Dans l'histoire de la littérature, ou, plus exactement, de l'évolution littéraire, cette Évelina de Frances Burney, surnommée Fanny, constitue certainement le lien entre les générations et les styles des Richardson et Fielding, d'une part, et Jane Austen, d'autre part. C'est épistolaire et enlevé comme Samuel Richardson, c'est alerte et volontiers drôle ou caustique comme Jane Austen.

Mais, mais, mais, car il y a un mais, selon moi, Évelina accuse des faiblesses que ne possèdent ni ses devanciers, ni ses successeurs. J'ai beaucoup lu, dans les commentaires des autres lecteurs, que ce que l'on reprochait au roman de Fanny Burney était le côté "un peu nunuche " de son héroïne.

Pour ma part, ce n'est pas tellement cela que je reproche à l'ouvrage, car je crois que l'auteure retranscrit réellement ce qu'étaient les sentiments et les réflexions d'une jeune fille des années 1770 dans ce milieu. Certes, ça peut nous paraître un brin couilluchon (terme non genré issu de la fusion des adjectifs épithètes couillon et nunuche) de nos jours, mais c'était comme ça, j'ai l'impression, à l'époque, et, en cela, cette oeuvre nous restitue bien quelque chose de son temps.

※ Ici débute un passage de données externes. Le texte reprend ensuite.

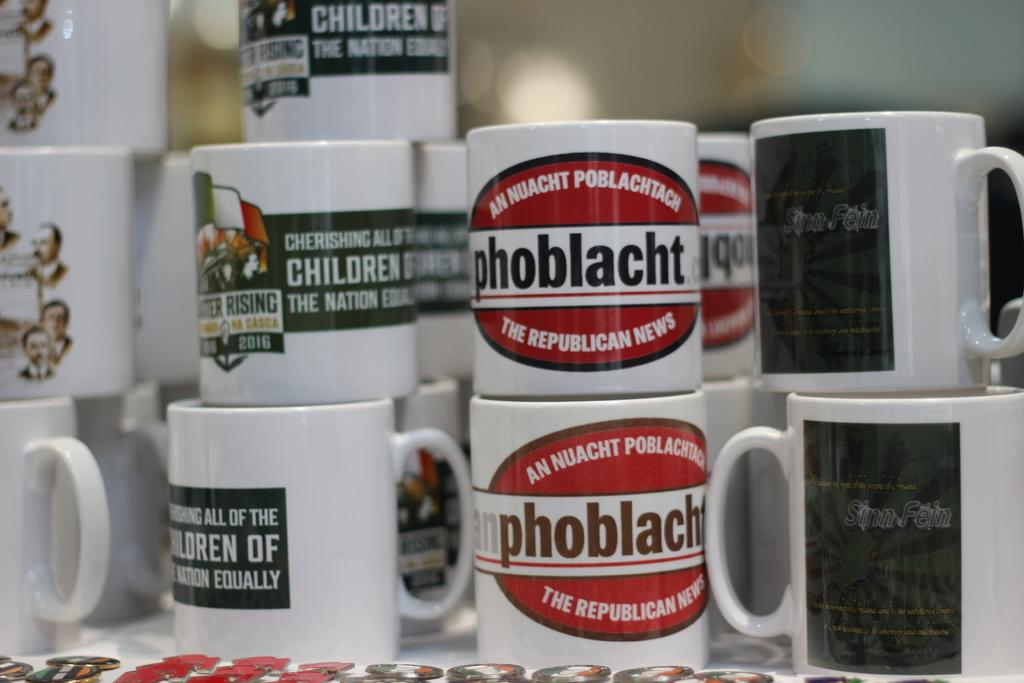<image>
Render a clear and concise summary of the photo. Many different mugs are stacked up, several of which have phoblacht printed on it. 
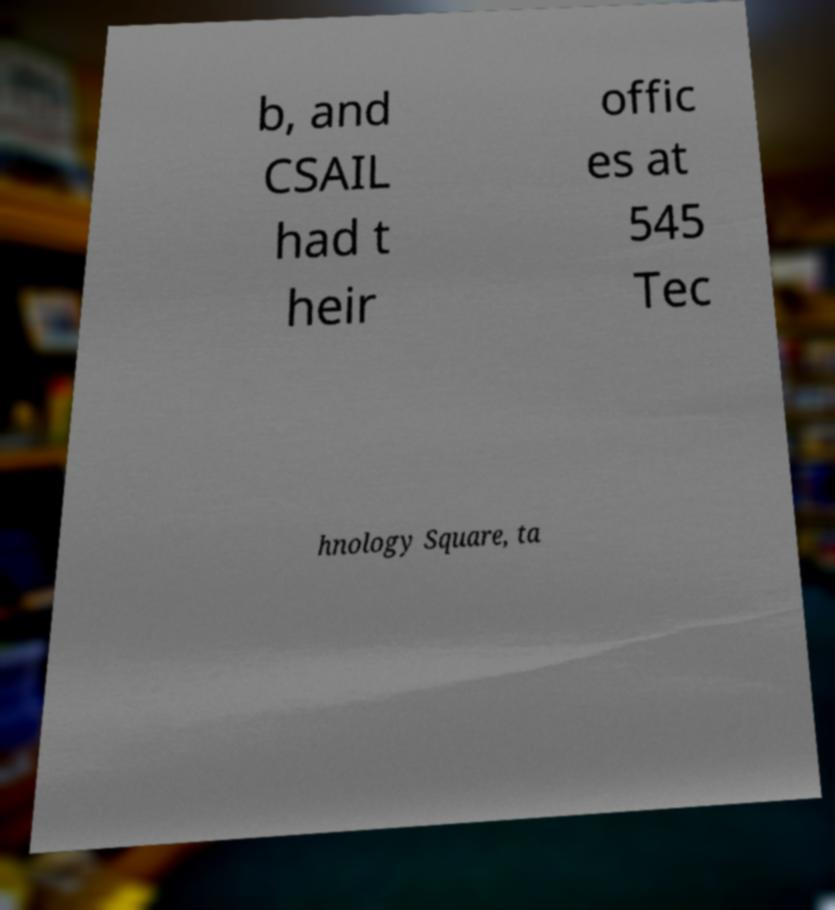Can you accurately transcribe the text from the provided image for me? b, and CSAIL had t heir offic es at 545 Tec hnology Square, ta

Non, ce qui me dérange plus, en ce qui me concerne, ce sont des lourdeurs, des insistances vraiment très insistantes quant au caractère de tel ou telle. le capitaine Mirvan est lourdingue à souhait, idem pour la grand-mère Madame Duval, idem encore pour toute la famille Branghton.

Les caractères très appuyés, très monolithiques, et donc, toujours selon moi, très lourdingues également, des autres personnages vont dans le même sens ; lord Orville, toujours preux chevalier, Willoughby, toujours goujat (un nom auquel Jane Austen donnera une descendance en le reprenant tel quel dans Raison et Sentiments), Mrs. Selwyn, toujours mordante, le révérend Villars, toujours sage, honnête et droit, etc., etc.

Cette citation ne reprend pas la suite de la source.